Anthropology Professor and Director of Undergraduate Studies Anand Pandian, who taught the class Katz, Kim and Botzum were in, emphasized to his class that the event was strictly voluntary. He added that it was important to ensure that students with differing perspectives are given a space to share them.

“I can’t assume, as a professor, that everyone feels the same way about the two testimonies that we heard on Thursday,” Pandian said. “If there are those who have other opinions, it’s my responsibility to ensure that they have a voice as well, that they have a way of expressing them.”

While several people who attended the event had duct tape on their mouths, Pandian chose to place the duct tape over his eyes instead to convey how people in positions of privilege could be blinded to reality.

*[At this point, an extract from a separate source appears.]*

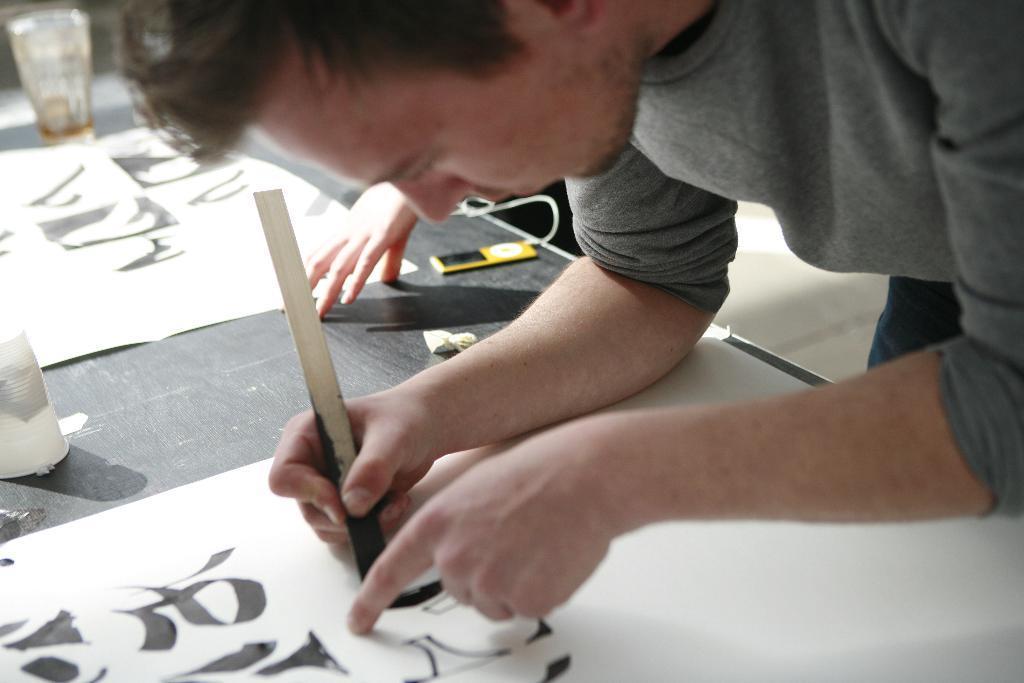Can you describe this image briefly? In this image we can see there is a person standing and holding a stick and at the back we can see the person's hand, in front of them there is a table, on the table there are charts with painting and few objects.

“When the duct tape came out on the steps of Gilman, it struck me that it would be false for me to claim that I am muzzled,” he said. “What I can acknowledge is that I may not be able to see all the privilege that someone in my position enjoys and takes for granted.”

Students held signs that read “Believe Women,” “My Clothes are not my Consent” and “Why do we only care about men’s futures,” among others. After the 15 minutes of silence, Kim, Katz and Botzum made brief speeches.

“We are very inspired by you coming out here,” Kim said. “We are deeply moved to see such a diverse and strong assembly of people here today willing to put our bodies on the line to stand in solidarity with Dr. Blasey Ford, Deborah Ramirez and survivors everywhere.”

Teachers and Researchers United (TRU) member Erini Lambrides spoke out in support of the event and of the students organizing it. Similarly, a member of the International Socialist Organization, who had heard about the event through a friend of a friend, expressed support for the ideas expressed.

Michael Busch, a Physics & Astronomy graduate student, attended the event because he was inspired by Blasey Ford’s bravery.

“[Dr. Blasey Ford] risked her security and career to speak out about the trauma that she experienced, reliving the assault and speaking up against her assaulter because of a sense of civic duty,” he wrote in an email to The News-Letter. “I thought if she had the bravery to go to Washington DC, I could leave my office for 15 minutes and show the community that I support her.”

Senior Sophia Diodati, a student in the Anthropology class about vulnerability, wrote in an email to The News-Letter that the event’s silence was striking.

“What I find most moving is being able to get people talking without opening your mouth — that’s power,” she wrote. “It’s taking back this idea of ‘screaming into the void’ to reclaim yourself and your experiences.”

According to Katz, it was important to make public spaces safer for survivors because so much about reporting procedures made it increasingly challenging for survivors to come forward. She explained that Kavanaugh attended an elite university, Yale, and emphasized that universities like Hopkins needed to fight against the culture that chooses not to believe survivors.

Botzum agreed, adding that the biggest threat to security at the University was sexual violence. To her, the climate surrounding sexual violence at the University made this event particularly necessary.

“The OIE [Office of Institutional Equity], as a whole, has been a really ineffective service at achieving any kind of justice or outcome for any kind of results,” she said. “I know people who are rapists who are still going to school here.”

After community members finished making remarks, some remained behind to sit in a circle outside Gilman and continue to discuss themes that had been brought up at the event, including the power of collective action and acknowledging the privilege built into the history of an institution like Hopkins.

Diodati added that for her, the decision to attend the event and support Blasey Ford was simple.

“I attended because I believe her,” she wrote. “That does not happen enough.”